** PROBLEM STATEMENT **
Scan the records below, and wherever a line has the word "FREE", pull it out.

BEGIN AVAILABLE DATA

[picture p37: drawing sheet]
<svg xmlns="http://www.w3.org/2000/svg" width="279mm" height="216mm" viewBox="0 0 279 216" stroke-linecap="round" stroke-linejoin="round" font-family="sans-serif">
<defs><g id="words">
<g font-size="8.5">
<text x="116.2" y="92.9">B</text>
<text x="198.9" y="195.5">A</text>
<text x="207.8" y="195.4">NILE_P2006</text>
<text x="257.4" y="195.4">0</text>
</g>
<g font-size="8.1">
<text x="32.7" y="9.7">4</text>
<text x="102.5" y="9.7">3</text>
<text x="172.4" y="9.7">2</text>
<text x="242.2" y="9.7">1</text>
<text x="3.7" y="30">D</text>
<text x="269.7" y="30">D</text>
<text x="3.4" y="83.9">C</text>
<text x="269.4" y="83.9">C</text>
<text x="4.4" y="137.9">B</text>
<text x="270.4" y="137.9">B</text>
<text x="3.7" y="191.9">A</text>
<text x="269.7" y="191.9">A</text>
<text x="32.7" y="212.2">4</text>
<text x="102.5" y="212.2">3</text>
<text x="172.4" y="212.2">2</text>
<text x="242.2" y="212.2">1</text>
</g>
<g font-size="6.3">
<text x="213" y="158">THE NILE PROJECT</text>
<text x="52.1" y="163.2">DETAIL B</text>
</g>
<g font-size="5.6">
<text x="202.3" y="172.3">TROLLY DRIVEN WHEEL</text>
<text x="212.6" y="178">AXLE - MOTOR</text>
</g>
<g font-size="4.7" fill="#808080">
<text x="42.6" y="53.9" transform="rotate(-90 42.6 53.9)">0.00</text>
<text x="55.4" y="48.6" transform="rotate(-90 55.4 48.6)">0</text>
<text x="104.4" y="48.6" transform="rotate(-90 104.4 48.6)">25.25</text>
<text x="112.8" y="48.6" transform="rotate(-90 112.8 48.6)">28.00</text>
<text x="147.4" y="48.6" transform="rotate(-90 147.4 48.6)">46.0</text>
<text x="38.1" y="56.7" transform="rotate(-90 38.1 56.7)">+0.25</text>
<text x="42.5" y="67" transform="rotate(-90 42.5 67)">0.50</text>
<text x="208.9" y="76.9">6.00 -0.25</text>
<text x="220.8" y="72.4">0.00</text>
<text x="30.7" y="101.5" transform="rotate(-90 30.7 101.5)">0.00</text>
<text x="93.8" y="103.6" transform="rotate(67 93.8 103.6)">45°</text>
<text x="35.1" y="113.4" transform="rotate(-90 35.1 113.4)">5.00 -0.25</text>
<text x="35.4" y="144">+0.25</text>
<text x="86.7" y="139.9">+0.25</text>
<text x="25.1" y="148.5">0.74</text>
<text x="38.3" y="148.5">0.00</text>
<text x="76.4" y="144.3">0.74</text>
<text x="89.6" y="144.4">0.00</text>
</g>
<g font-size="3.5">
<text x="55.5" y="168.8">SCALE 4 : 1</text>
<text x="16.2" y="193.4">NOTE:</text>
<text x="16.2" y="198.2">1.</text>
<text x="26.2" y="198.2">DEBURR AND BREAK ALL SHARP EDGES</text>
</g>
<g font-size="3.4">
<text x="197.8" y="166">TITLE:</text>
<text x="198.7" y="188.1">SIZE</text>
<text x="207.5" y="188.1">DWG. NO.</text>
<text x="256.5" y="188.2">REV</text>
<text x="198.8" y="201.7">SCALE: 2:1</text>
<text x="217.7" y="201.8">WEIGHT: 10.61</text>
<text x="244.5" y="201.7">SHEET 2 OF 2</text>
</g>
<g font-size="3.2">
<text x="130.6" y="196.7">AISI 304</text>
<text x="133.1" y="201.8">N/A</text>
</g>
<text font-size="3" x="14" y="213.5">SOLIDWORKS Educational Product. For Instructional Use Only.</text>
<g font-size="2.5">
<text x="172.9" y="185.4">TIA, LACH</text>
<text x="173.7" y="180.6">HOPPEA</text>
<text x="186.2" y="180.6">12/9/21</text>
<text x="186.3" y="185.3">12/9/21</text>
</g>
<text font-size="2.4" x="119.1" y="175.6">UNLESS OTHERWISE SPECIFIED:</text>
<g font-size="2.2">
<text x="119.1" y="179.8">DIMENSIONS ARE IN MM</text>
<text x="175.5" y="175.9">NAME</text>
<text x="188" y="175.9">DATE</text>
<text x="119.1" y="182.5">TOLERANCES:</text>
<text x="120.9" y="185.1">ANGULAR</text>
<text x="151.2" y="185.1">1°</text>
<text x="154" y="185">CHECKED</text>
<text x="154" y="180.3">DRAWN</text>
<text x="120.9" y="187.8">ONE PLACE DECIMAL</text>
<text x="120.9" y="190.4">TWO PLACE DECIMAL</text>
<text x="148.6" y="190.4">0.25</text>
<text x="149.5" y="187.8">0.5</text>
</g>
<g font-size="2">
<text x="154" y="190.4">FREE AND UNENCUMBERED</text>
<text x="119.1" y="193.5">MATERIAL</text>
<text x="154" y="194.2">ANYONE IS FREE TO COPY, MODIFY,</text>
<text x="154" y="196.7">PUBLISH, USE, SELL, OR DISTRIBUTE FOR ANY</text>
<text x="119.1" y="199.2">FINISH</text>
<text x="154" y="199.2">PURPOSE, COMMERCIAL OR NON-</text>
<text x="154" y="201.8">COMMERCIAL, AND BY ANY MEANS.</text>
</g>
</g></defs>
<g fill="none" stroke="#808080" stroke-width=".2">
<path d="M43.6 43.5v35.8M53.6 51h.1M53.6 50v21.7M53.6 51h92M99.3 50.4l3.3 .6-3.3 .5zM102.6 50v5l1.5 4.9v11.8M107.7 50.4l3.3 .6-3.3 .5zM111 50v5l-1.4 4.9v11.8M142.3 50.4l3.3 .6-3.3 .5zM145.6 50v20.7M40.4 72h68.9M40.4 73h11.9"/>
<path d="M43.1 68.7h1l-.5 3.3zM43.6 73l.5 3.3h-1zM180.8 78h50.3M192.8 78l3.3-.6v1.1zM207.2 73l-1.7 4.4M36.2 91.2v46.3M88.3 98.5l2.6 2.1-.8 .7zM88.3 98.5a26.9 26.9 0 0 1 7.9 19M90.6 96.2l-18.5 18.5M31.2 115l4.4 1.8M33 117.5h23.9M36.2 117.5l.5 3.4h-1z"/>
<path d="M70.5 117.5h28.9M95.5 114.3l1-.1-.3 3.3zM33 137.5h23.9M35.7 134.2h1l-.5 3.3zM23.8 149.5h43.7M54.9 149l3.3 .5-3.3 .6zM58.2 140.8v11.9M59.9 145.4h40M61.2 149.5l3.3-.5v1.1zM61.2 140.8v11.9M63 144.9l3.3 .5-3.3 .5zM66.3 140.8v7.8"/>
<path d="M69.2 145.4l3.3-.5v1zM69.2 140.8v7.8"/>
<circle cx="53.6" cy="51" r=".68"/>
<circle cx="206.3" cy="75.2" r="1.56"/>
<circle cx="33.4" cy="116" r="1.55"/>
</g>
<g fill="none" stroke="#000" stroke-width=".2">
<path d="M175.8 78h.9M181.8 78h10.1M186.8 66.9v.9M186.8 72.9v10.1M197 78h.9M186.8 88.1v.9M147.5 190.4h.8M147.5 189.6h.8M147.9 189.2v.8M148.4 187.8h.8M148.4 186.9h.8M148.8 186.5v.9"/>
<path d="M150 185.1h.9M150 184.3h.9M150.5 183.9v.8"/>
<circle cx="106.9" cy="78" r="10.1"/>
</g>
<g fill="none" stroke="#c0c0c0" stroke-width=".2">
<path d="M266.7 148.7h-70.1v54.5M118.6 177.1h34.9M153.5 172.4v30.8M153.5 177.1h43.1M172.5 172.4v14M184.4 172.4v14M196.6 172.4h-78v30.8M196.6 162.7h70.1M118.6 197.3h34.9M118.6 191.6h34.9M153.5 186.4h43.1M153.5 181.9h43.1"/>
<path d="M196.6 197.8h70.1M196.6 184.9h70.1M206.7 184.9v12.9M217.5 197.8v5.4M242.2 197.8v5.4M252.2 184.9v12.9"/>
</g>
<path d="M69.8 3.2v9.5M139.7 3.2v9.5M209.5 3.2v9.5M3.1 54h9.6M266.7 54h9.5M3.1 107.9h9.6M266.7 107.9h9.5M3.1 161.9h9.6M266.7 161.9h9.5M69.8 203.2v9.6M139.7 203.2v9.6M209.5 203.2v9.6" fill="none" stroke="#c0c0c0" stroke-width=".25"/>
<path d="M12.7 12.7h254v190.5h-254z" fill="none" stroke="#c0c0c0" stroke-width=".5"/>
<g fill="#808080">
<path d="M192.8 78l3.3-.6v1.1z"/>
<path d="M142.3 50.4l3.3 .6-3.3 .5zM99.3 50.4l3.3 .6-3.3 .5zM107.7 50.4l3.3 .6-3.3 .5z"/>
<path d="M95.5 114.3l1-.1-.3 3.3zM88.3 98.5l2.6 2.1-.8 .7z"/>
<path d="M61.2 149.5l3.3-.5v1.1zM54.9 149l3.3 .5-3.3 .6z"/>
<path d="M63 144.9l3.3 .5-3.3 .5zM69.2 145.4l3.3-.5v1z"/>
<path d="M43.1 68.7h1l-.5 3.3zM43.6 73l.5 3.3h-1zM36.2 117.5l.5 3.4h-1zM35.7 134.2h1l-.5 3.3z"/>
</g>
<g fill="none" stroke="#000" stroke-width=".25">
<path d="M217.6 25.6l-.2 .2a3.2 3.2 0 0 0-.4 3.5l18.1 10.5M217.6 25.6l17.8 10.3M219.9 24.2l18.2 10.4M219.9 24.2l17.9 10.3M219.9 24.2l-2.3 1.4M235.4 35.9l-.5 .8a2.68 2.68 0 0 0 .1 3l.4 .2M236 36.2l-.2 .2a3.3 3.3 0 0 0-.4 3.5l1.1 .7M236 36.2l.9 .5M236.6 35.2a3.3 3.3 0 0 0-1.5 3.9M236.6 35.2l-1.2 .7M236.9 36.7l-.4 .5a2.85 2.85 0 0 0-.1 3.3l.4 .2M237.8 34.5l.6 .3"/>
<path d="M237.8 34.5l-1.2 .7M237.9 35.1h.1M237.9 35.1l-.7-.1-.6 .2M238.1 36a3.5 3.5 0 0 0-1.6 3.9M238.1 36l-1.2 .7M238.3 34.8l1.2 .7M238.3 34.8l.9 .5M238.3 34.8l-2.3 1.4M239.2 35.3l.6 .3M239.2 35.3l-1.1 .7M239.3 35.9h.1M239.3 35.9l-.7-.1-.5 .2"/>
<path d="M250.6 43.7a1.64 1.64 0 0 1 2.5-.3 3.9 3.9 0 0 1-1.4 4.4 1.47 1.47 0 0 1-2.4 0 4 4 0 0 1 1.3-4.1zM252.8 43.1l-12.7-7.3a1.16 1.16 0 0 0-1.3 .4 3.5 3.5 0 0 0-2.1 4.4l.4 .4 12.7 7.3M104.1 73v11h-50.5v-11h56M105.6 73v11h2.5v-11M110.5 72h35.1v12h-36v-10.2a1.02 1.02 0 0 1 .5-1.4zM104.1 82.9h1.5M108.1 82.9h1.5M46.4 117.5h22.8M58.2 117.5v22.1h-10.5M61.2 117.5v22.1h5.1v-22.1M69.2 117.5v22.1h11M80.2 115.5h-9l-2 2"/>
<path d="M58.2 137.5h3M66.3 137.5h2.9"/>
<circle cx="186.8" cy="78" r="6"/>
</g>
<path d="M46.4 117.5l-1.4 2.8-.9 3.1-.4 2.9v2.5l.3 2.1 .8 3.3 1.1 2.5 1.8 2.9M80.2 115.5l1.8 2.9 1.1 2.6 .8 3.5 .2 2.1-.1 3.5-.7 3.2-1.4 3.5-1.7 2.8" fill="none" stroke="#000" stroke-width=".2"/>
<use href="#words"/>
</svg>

END AVAILABLE DATA

** RESPONSE FOR THIS EXERCISE **
<text x="154" y="190.4">FREE AND UNENCUMBERED</text>
<text x="154" y="194.2">ANYONE IS FREE TO COPY, MODIFY,</text>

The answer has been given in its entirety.